There was a song (actually, an instrumental piece) by the Irish pop band the Corrs called _Erin Shores_, from their debut album _Forgiven, not Forgotten;_ it was rerecorded some years later for their _Unplugged_ album, but the tittle was altered to _Lough Erin Shores_. Now, I understand that _Erin_ is the Irish word (in the dative case) for Ireland, so the original title could be anglicised to _Ireland Shores_, in the sense of "the shores of Ireland".

But what could the second title mean? Isn't _Lough Erin_ translated as "Lake Ireland"? Therefore, what could "the shores of Lake Ireland" be reffering to?

Am I blatantly showing that I've no idea how the Irish language works?


----------



## Setwale_Charm

Faethin said:


> There was a song (actually, an instrumental piece) by the Irish pop band the Corrs called _Erin Shores_, from their debut album _Forgiven, not Forgotten;_ it was rerecorded some years later for their _Unplugged_ album, but the tittle was altered to _Lough Erin Shores_. Now, I understand that _Erin_ is the Irish word (in the dative case) for Ireland, so the original title could be anglicised to _Ireland Shores_, in the sense of "the shores of Ireland".
> 
> But what could the second title mean? Isn't _Lough Erin_ translated as "Lake Ireland"? Therefore, what could "the shores of Lake Ireland" be reffering to?
> 
> Am I blatantly showing that I've no idea how the Irish language works?


 

even if you are , you will be in a good club as there are very few who have a good clear idea of that.


----------



## CatStar

Hey there, 

You're spot on with your translation of Lough Erin, it would be Lake Ireland in English.

However as far as I'm aware there is no such lake in Ireland. There is a Lough Erne in Fermanagh in the north and perhaps that could be spelt as Erin sometimes. Sorry can't be of more help but I'm really not that sure!

Cat


----------



## ronanpoirier

Couldn't it be related to a legend or something? Some kind of an old Celtic story about Lake Ireland...  

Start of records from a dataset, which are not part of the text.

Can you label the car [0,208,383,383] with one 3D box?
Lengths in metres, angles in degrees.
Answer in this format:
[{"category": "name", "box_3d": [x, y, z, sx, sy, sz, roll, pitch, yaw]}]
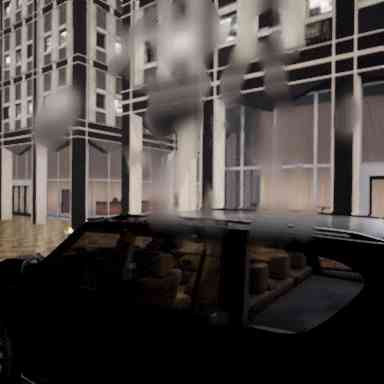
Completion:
[{"category": "car", "box_3d": [-0.217, 1.201, 3.547, 5.566, 2.045, 2.150, 1, 1, 36]}]
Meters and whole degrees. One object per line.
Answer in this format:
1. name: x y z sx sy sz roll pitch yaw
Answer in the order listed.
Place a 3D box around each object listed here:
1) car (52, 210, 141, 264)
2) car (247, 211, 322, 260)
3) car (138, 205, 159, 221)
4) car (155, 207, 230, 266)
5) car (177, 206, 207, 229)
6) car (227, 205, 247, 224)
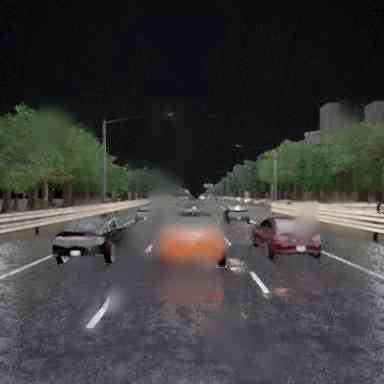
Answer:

PS.: That's song is really great  I love playing it on the violin but I thought it was by Fleetwood Mac (Ronan going totally off-topic) although the versions i know are by The Corrs.


----------



## Setwale_Charm

Maybe it is used figuratively: just a lake in Ireland or Ireland as a lake etc...?


----------



## ronanpoirier

Would that instrumental song have some kind of lyrics which no one knows? That could make things brighter to us somehow.


----------



## Faethin

Thanks for the replies!

No, as far as I know there are no lyrics for the song. I actually find quite interesting the fact about Lough Erne: it's almost as if they had actually mistaken Erin for Erne!


----------



## CatStar

Faethin said:


> Thanks for the replies!
> 
> No, as far as I know there are no lyrics for the song. I actually find quite interesting the fact about Lough Erne: it's almost as if they had actually mistaken Erin for Erne!


 

Well I've never actually seen _Lough Erne_ spelt as _Erin_ but you never know with Old Irish it could have been.That's an entirely different ball game.  

Do you know if The Corrs composed the tune themselves? Because they have borrowed tunes in the past and reworked them so if that's the case then it could be a very old tune from who knows what era of the Irish language. Ok I'm waffling here...night!

Cat


----------



## Faethin

As a matter of fact, my mum recalls having heard that same song a long time ago (She's 46 and she remembers having heard it many years ago), so my guess would be that the piece is indeed borrowed from some other source.


----------